RAC ASM instances crash with ORA-29702 when multiple ASM instances start(ed) [ID 733262.1]

There it was mentioned, when using multiple NIC for cluster interconnect and if they are not bonded properly it could cause issues and that could be seen in the alert logs.

In our case NIC bonding was done properly. We have configured and bonded as below
• eth0 and eth1 bonded as bond0 – for public and
• eth2 and eth3 bonded as bond1 – for cluster interconnect

and alert log showed they were configured fine.

Interface type 1 bond1 192.xxx.x.x configured from OCR for use as a cluster interconnect
Interface type 1 bond0 xx.x.x.x configured from OCR for use as a public interface

If NIC bonding not done properly then you would see multiple entries for cluser interconnect in the alert log.

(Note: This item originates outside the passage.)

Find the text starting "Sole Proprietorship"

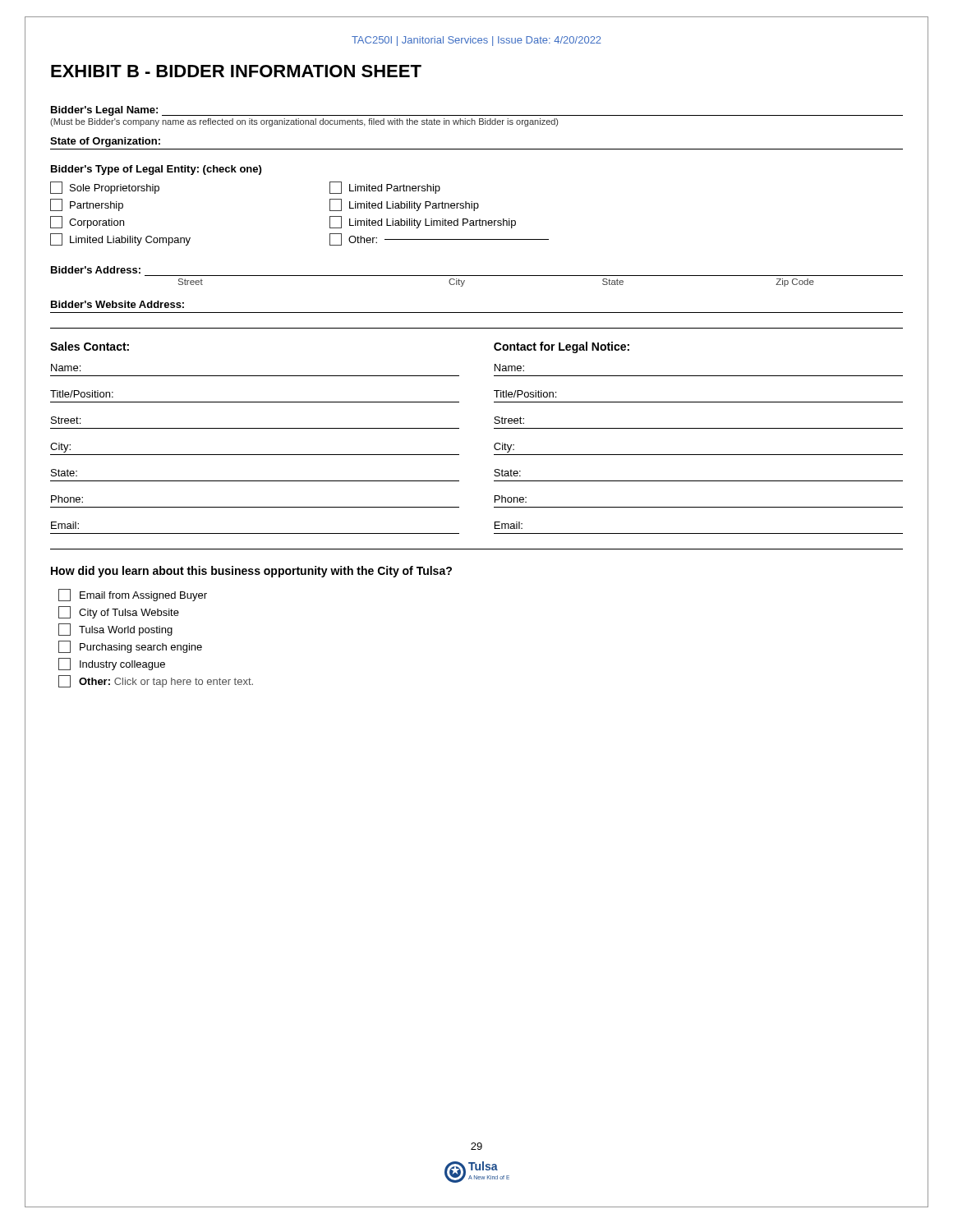click(105, 188)

Well,though this was not the issue in our case but it gave me a lead to identify the root cause of the problem. As it was mentioned about bonding I wanted to check both channel bonding interface (ifcdfg-bond0 & ifcfg-bond1) and Ethernet interface configurations (ifcfg-eth0, ifcfg-eth1, ifcfg-eth2 & ifcfg-eth3)

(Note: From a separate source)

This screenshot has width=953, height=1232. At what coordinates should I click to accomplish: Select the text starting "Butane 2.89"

Well, all configuration files were good except for ifcfg-bond1 file and the entries were as below,

root@node1>cat ifcfg-bond1

DEVICE=bond1
IPADDR=xxx.xxx.xx.x
NETMASK=255.xxx.x.x
USERCTL=no
BOOTPROTO=none
ONBOOT=yes
TYPE=ethernet

On the 1st look they seem to be fine but when compared to ifcfg-bond0 the problem was obvious. Ifcfg-bond0 entries were as below,

root@node1> cat ifcfg-bond0
DEVICE=bond0
BOOTPROTO=none
ONBOOT=yes
NETMASK=255.xxx.x.x
IPADDR=xx.x.x.x
GATEWAY=xx.x.x.x
USERCTL=no
TYPE=BOND

If you look at line entry TYPE it’s mentioned as “TYPE=ethernet” in Ifcfg-bond1 and “TYPE=BOND” In Ifcfg-bond0.

Bingo…changed the configuration file and rebooted the server and all components came up fine. CRS, ASM and DB started and working fine.

But trying to find out why it worked fine during the installation and then stopped working suddenly.